> Task instructions
Below are records; work out how many of their lines contain "example" and give only that number.

(Material for the task Opens)

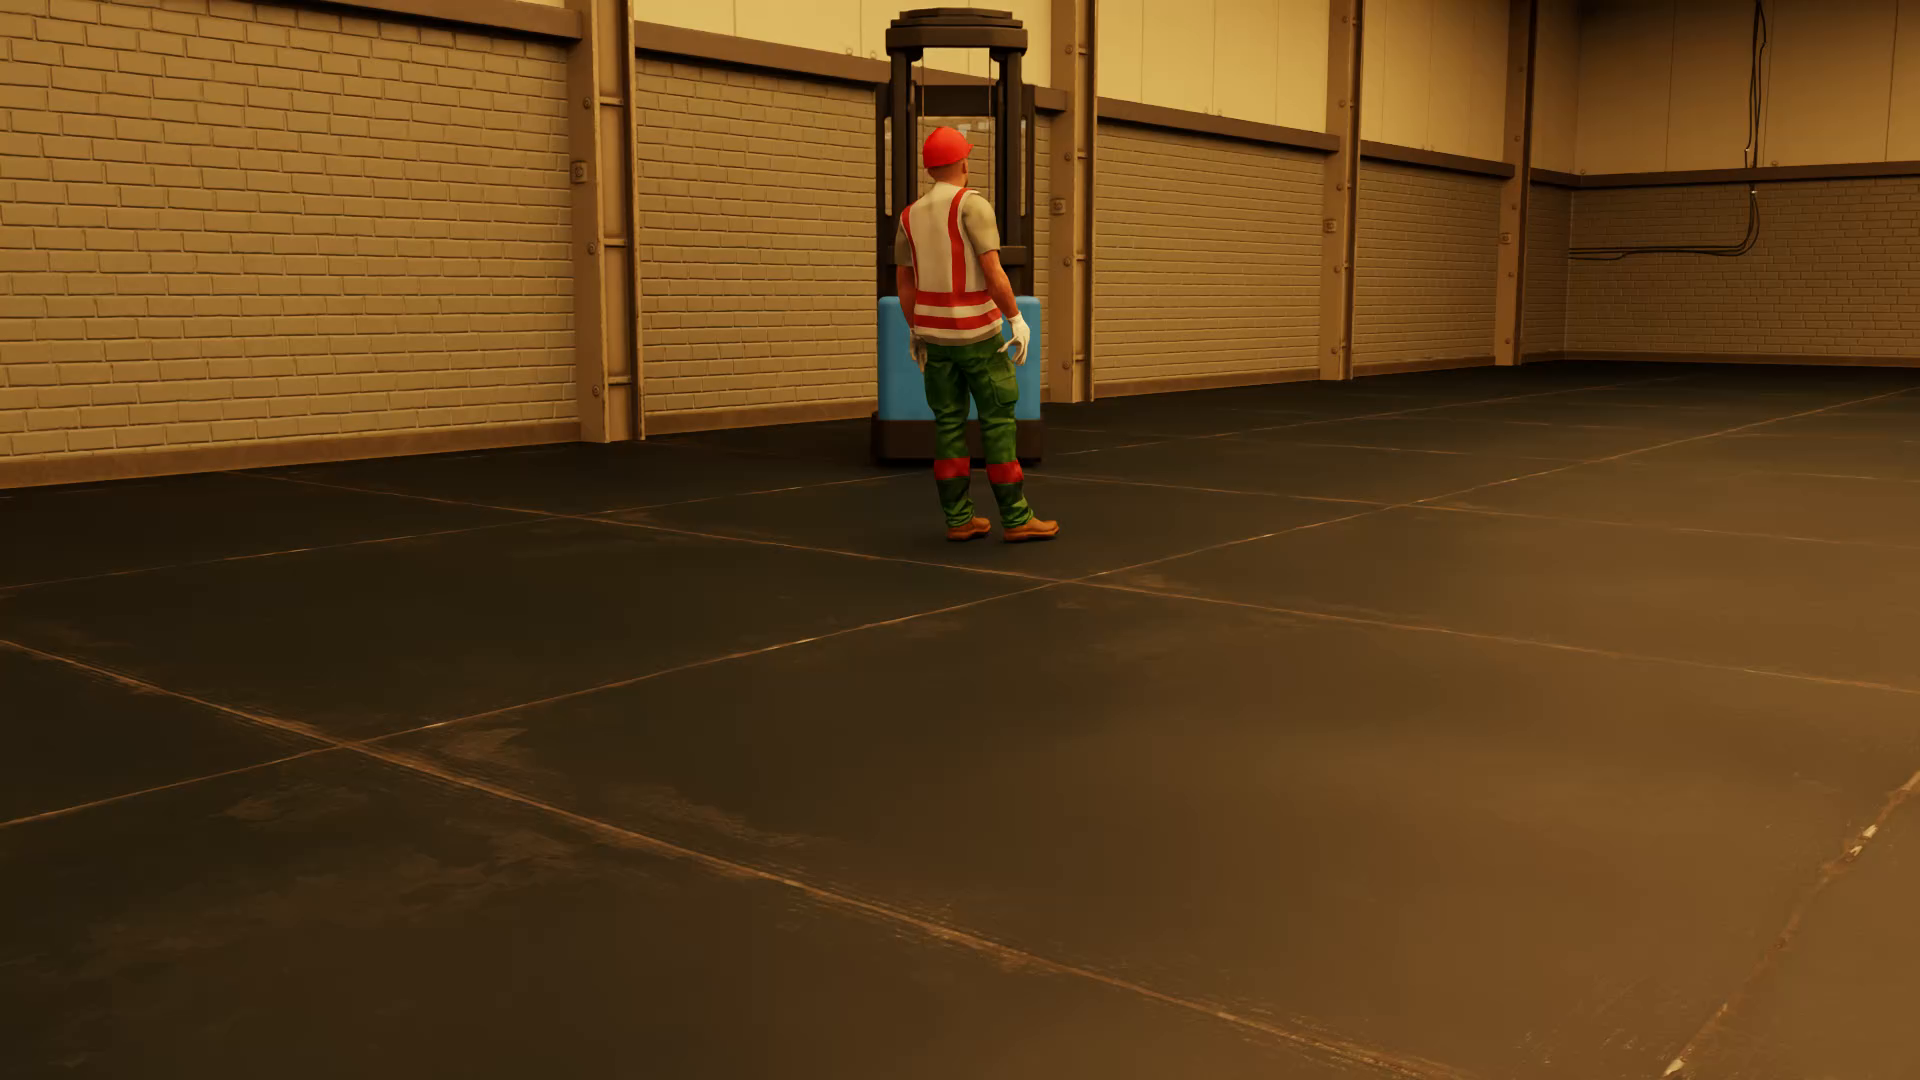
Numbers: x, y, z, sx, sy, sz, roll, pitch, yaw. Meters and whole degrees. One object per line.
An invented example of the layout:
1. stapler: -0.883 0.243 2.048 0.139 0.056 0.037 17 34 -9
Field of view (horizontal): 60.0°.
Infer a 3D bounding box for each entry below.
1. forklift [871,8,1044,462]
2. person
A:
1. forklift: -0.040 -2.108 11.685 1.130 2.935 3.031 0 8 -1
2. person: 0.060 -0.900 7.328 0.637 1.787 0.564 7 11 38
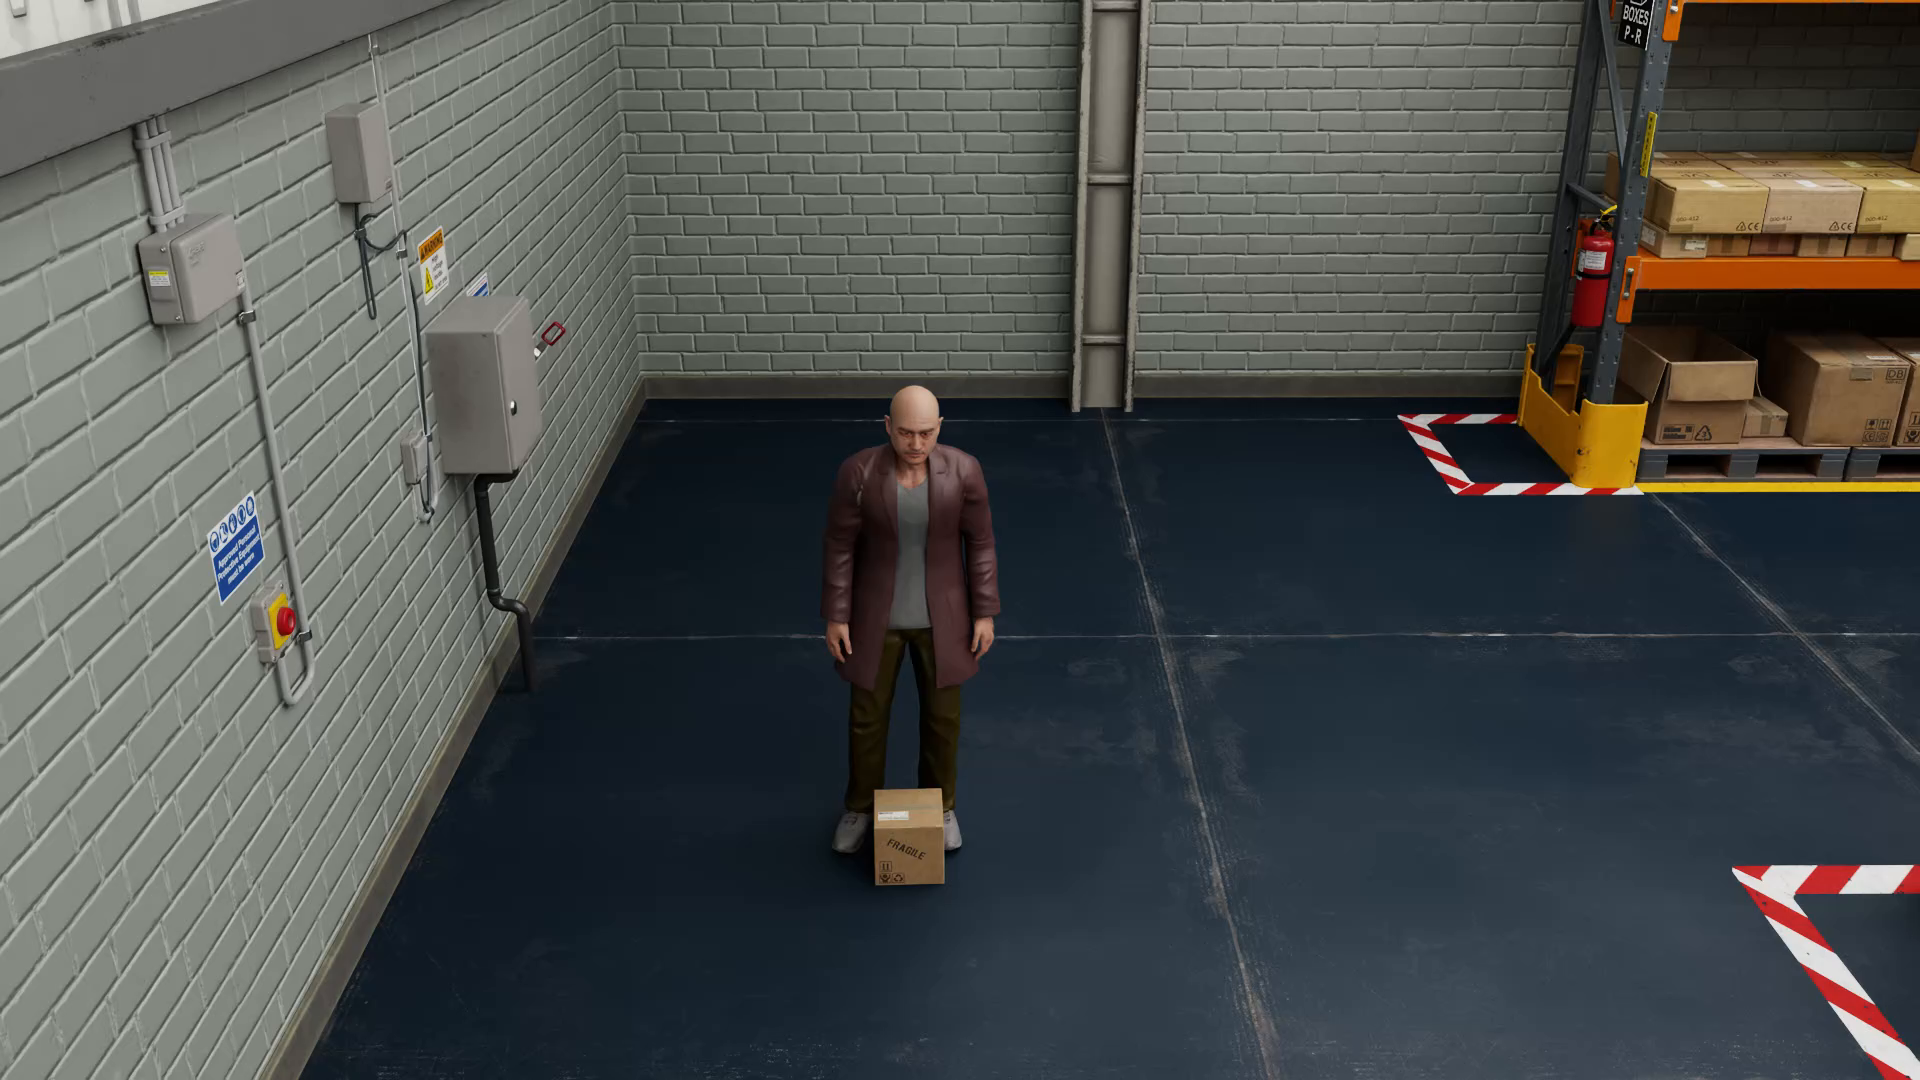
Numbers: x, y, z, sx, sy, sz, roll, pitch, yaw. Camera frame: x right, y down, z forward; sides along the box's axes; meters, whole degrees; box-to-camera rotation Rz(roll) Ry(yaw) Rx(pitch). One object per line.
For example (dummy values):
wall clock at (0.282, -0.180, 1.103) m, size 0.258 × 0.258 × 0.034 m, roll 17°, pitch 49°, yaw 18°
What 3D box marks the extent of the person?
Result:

(Material for the task Closes)

> Solution to the exercise
2